**Task item:**
Retype the listing below line for line, but only from the line with "Answer yes or no. Yes. Is Firebrick" down to the line with "#if defined(OS_CHROMEOS)", inclusive. Pictures stay out.

**Source records:**
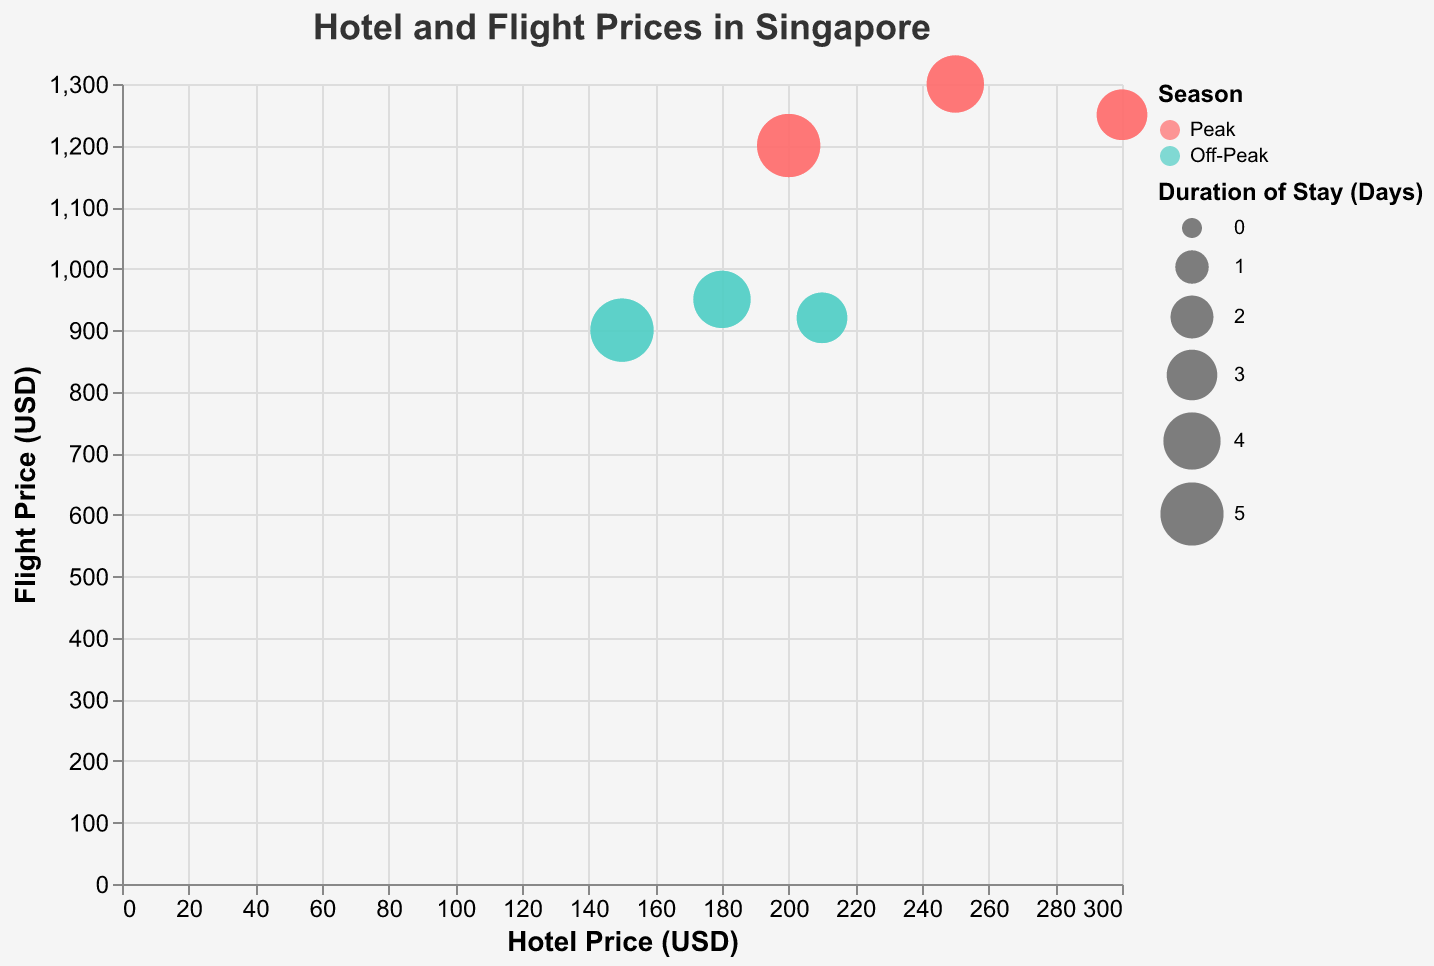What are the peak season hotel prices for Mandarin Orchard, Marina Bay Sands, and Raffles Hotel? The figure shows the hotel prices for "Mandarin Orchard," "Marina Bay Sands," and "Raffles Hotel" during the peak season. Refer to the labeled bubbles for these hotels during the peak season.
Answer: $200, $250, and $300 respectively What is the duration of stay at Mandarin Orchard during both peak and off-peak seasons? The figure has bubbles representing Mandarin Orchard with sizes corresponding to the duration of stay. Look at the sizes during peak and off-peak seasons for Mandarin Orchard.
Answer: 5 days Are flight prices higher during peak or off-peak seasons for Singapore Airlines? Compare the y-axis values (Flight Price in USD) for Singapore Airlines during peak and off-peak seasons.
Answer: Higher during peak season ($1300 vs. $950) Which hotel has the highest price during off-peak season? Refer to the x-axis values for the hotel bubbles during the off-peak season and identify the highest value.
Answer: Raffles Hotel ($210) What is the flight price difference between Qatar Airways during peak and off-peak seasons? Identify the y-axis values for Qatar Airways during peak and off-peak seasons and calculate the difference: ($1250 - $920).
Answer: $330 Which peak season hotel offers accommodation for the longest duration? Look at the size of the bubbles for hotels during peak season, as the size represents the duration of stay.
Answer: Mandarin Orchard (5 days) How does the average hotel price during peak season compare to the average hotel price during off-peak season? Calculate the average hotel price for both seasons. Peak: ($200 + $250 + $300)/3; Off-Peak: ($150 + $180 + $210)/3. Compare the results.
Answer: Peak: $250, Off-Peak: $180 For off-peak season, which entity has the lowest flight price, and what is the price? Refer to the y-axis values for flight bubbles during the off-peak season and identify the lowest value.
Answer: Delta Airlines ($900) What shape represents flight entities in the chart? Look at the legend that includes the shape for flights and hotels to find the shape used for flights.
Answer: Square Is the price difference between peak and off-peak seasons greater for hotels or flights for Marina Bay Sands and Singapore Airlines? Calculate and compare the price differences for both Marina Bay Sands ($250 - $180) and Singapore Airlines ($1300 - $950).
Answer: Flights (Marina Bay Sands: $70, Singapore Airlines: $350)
---
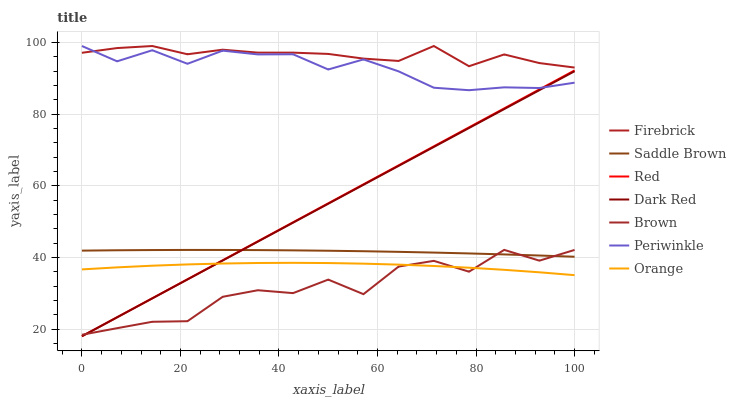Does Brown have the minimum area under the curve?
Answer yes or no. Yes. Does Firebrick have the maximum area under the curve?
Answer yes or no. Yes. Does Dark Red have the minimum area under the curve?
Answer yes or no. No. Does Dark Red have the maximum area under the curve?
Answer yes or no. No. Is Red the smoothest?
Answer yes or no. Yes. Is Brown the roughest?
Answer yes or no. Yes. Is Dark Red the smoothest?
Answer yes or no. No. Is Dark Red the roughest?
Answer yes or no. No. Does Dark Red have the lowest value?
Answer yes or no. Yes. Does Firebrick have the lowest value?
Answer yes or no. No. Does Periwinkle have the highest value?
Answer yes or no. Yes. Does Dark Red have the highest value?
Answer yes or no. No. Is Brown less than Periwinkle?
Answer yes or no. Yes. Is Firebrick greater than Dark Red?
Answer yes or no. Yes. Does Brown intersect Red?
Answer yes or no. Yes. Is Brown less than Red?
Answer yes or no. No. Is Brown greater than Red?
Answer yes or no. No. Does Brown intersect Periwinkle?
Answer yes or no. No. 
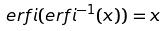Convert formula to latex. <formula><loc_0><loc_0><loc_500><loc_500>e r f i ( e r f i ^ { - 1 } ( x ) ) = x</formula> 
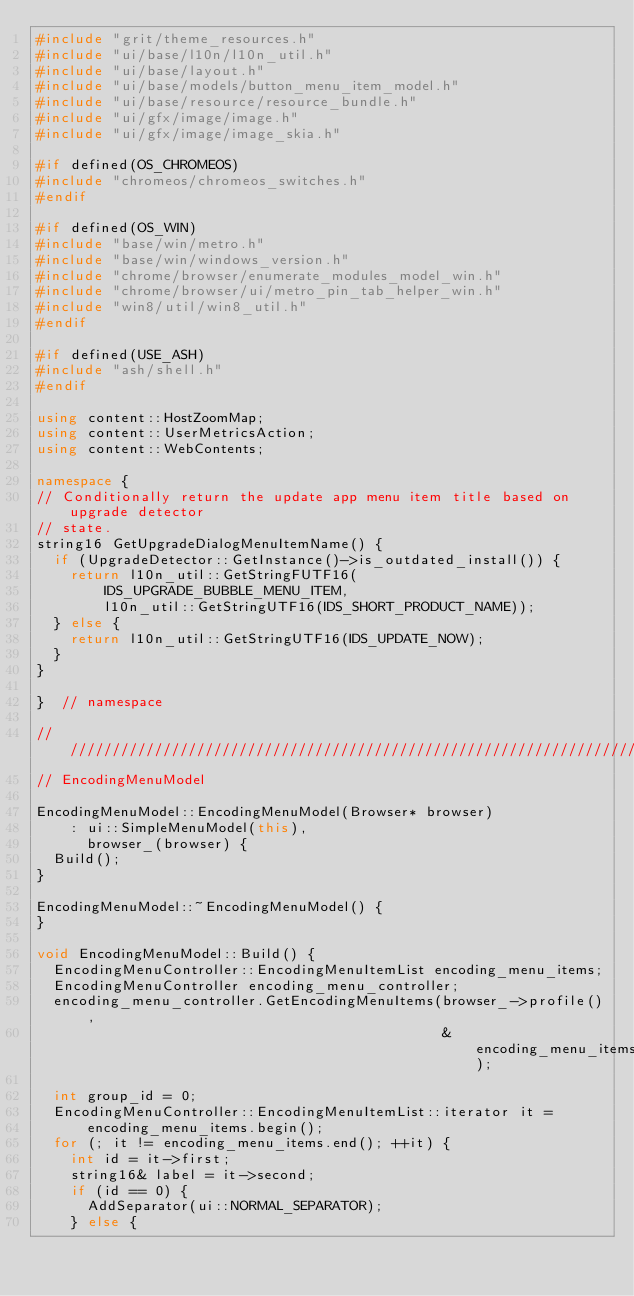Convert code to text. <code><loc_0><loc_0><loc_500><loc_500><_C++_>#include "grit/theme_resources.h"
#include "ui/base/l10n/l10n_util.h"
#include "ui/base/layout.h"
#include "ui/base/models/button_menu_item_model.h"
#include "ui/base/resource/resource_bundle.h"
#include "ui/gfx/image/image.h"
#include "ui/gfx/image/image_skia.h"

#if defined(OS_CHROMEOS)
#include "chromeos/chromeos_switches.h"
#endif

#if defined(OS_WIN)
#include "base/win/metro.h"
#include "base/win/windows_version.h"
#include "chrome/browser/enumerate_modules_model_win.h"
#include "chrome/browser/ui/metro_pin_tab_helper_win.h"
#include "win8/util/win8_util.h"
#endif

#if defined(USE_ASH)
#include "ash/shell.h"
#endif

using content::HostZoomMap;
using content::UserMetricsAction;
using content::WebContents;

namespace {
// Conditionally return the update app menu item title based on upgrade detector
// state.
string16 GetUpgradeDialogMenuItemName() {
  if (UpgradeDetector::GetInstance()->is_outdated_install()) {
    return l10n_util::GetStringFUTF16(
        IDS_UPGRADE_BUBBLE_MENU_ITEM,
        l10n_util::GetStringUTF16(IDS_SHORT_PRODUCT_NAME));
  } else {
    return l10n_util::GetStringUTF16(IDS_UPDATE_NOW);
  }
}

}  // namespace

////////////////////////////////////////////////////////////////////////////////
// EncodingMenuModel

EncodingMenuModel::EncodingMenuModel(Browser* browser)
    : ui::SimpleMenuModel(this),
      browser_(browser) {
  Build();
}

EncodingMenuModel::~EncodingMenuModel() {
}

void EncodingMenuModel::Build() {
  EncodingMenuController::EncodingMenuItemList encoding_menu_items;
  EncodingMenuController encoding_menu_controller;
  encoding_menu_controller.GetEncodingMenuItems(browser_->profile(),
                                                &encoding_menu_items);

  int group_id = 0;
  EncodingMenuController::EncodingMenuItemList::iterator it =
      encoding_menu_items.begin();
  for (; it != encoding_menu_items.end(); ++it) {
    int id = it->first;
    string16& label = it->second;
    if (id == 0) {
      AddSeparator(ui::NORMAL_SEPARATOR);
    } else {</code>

**Task solution:**
Answer yes or no. Yes. Is Firebrick greater than Dark Red?
Answer yes or no. Yes. Does Brown intersect Red?
Answer yes or no. Yes. Is Brown less than Red?
Answer yes or no. No. Is Brown greater than Red?
Answer yes or no. No. Does Brown intersect Periwinkle?
Answer yes or no. No. 
Convert formula to latex. <formula><loc_0><loc_0><loc_500><loc_500>e r f i ( e r f i ^ { - 1 } ( x ) ) = x</formula> 
Convert code to text. <code><loc_0><loc_0><loc_500><loc_500><_C++_>#include "grit/theme_resources.h"
#include "ui/base/l10n/l10n_util.h"
#include "ui/base/layout.h"
#include "ui/base/models/button_menu_item_model.h"
#include "ui/base/resource/resource_bundle.h"
#include "ui/gfx/image/image.h"
#include "ui/gfx/image/image_skia.h"

#if defined(OS_CHROMEOS)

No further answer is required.